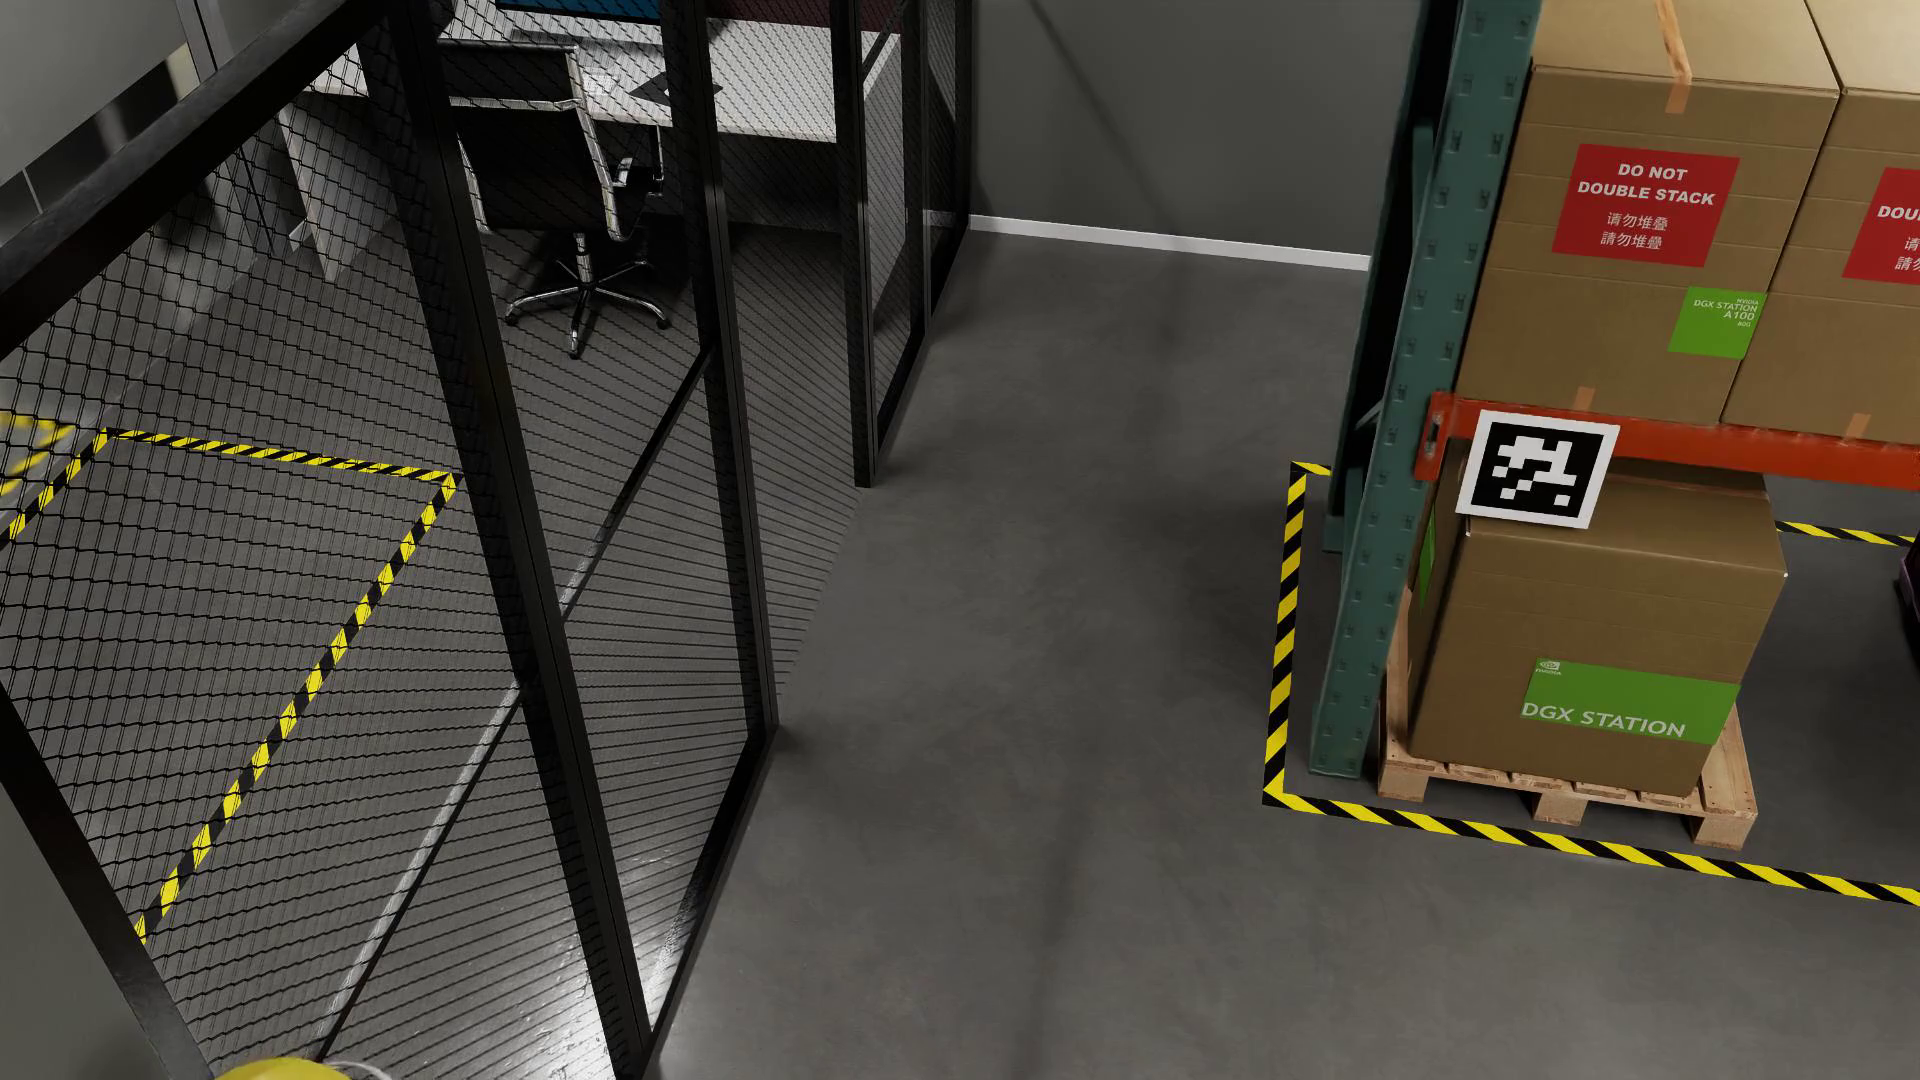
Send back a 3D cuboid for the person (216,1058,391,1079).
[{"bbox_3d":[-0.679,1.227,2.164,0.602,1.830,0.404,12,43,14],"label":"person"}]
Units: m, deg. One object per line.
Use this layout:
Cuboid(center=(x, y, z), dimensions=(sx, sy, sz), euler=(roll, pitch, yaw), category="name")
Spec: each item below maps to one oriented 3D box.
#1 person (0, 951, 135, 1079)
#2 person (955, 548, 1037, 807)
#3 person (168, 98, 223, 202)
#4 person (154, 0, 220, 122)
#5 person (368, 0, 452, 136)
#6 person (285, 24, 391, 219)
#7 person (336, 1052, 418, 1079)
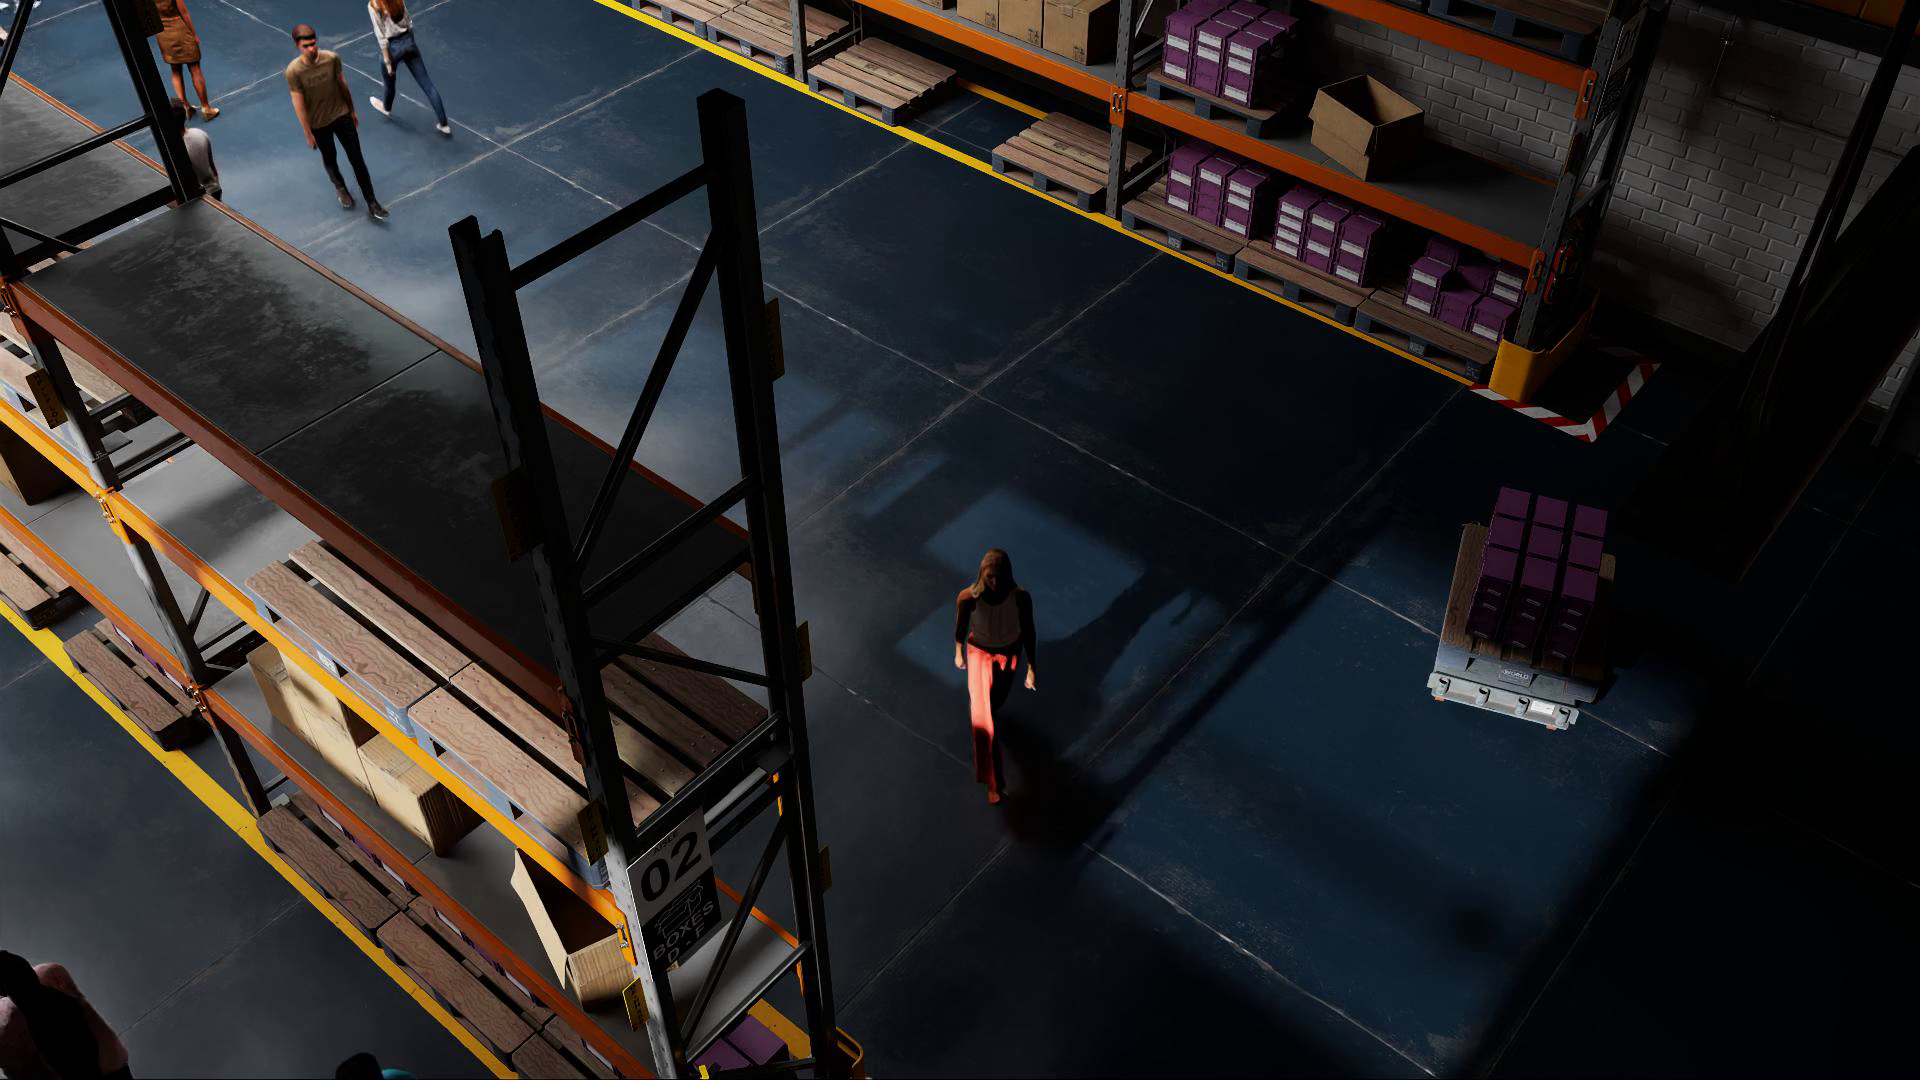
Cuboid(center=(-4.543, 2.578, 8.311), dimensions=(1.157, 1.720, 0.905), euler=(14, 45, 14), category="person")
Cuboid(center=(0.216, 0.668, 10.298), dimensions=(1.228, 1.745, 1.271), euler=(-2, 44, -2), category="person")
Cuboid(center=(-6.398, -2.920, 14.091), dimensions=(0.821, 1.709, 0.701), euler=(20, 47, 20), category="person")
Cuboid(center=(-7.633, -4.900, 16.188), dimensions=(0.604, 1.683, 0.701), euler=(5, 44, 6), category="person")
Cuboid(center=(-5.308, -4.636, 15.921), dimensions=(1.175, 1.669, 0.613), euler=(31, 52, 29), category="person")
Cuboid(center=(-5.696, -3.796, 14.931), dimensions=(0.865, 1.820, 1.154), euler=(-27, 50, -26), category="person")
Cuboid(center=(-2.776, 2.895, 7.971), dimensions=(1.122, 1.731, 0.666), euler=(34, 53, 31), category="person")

=== EXERCISE OBJECTIVE ===
All of the lines above should be retyped precisely, apart from the pictures.

=== ANSWER ===
Send back a 3D cuboid for the person (216,1058,391,1079).
[{"bbox_3d":[-0.679,1.227,2.164,0.602,1.830,0.404,12,43,14],"label":"person"}]
Units: m, deg. One object per line.
Use this layout:
Cuboid(center=(x, y, z), dimensions=(sx, sy, sz), euler=(roll, pitch, yaw), category="name")
Spec: each item below maps to one oriented 3D box.
#1 person (0, 951, 135, 1079)
#2 person (955, 548, 1037, 807)
#3 person (168, 98, 223, 202)
#4 person (154, 0, 220, 122)
#5 person (368, 0, 452, 136)
#6 person (285, 24, 391, 219)
#7 person (336, 1052, 418, 1079)
Cuboid(center=(-4.543, 2.578, 8.311), dimensions=(1.157, 1.720, 0.905), euler=(14, 45, 14), category="person")
Cuboid(center=(0.216, 0.668, 10.298), dimensions=(1.228, 1.745, 1.271), euler=(-2, 44, -2), category="person")
Cuboid(center=(-6.398, -2.920, 14.091), dimensions=(0.821, 1.709, 0.701), euler=(20, 47, 20), category="person")
Cuboid(center=(-7.633, -4.900, 16.188), dimensions=(0.604, 1.683, 0.701), euler=(5, 44, 6), category="person")
Cuboid(center=(-5.308, -4.636, 15.921), dimensions=(1.175, 1.669, 0.613), euler=(31, 52, 29), category="person")
Cuboid(center=(-5.696, -3.796, 14.931), dimensions=(0.865, 1.820, 1.154), euler=(-27, 50, -26), category="person")
Cuboid(center=(-2.776, 2.895, 7.971), dimensions=(1.122, 1.731, 0.666), euler=(34, 53, 31), category="person")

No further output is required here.